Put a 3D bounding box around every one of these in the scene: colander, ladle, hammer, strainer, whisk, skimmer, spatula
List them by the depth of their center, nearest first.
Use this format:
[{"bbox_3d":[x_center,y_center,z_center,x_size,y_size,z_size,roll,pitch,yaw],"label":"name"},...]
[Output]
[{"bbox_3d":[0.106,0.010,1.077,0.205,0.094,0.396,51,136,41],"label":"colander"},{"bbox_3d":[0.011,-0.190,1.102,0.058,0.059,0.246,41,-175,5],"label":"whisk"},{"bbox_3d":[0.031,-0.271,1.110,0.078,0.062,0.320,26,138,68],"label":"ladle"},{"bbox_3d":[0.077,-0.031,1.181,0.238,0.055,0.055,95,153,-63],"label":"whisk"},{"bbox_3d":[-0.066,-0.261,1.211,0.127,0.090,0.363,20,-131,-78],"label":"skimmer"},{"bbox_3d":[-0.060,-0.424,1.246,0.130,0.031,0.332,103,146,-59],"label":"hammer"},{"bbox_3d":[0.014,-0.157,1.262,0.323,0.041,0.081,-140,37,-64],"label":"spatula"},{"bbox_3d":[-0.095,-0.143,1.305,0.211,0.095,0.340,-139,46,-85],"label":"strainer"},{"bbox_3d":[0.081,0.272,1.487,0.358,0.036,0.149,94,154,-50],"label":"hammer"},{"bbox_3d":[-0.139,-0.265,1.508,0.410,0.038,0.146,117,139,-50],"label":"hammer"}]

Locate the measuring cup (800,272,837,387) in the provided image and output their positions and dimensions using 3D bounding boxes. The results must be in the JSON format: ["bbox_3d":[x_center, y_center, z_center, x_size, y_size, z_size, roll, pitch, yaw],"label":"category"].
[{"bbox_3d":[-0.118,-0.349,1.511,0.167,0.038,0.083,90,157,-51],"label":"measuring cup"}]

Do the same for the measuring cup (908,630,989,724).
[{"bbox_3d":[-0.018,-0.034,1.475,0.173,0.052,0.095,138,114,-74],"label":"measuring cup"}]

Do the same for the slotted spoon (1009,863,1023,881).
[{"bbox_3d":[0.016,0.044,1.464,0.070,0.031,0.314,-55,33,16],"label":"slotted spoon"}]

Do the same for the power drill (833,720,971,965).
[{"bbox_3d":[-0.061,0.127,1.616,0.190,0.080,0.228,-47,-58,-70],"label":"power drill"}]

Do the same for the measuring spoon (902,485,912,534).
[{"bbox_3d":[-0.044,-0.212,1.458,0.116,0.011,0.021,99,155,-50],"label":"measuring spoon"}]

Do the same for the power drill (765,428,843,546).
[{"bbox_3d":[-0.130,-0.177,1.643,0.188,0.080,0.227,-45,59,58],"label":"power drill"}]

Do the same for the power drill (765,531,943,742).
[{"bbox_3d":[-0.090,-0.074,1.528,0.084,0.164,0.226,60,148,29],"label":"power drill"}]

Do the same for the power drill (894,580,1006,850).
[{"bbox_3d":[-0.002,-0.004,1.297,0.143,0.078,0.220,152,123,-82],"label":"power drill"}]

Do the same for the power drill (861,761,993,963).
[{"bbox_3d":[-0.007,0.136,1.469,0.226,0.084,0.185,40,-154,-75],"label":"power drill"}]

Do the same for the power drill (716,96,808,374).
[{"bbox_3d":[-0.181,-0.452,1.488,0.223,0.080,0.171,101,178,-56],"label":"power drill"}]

____________________

Starting at the line that contains "Do the same for the measuring cup", print every line through the end of the listing, word for word. Leave out all the rest.

■ Result of the task ■
Do the same for the measuring cup (908,630,989,724).
[{"bbox_3d":[-0.018,-0.034,1.475,0.173,0.052,0.095,138,114,-74],"label":"measuring cup"}]

Do the same for the slotted spoon (1009,863,1023,881).
[{"bbox_3d":[0.016,0.044,1.464,0.070,0.031,0.314,-55,33,16],"label":"slotted spoon"}]

Do the same for the power drill (833,720,971,965).
[{"bbox_3d":[-0.061,0.127,1.616,0.190,0.080,0.228,-47,-58,-70],"label":"power drill"}]

Do the same for the measuring spoon (902,485,912,534).
[{"bbox_3d":[-0.044,-0.212,1.458,0.116,0.011,0.021,99,155,-50],"label":"measuring spoon"}]

Do the same for the power drill (765,428,843,546).
[{"bbox_3d":[-0.130,-0.177,1.643,0.188,0.080,0.227,-45,59,58],"label":"power drill"}]

Do the same for the power drill (765,531,943,742).
[{"bbox_3d":[-0.090,-0.074,1.528,0.084,0.164,0.226,60,148,29],"label":"power drill"}]

Do the same for the power drill (894,580,1006,850).
[{"bbox_3d":[-0.002,-0.004,1.297,0.143,0.078,0.220,152,123,-82],"label":"power drill"}]

Do the same for the power drill (861,761,993,963).
[{"bbox_3d":[-0.007,0.136,1.469,0.226,0.084,0.185,40,-154,-75],"label":"power drill"}]

Do the same for the power drill (716,96,808,374).
[{"bbox_3d":[-0.181,-0.452,1.488,0.223,0.080,0.171,101,178,-56],"label":"power drill"}]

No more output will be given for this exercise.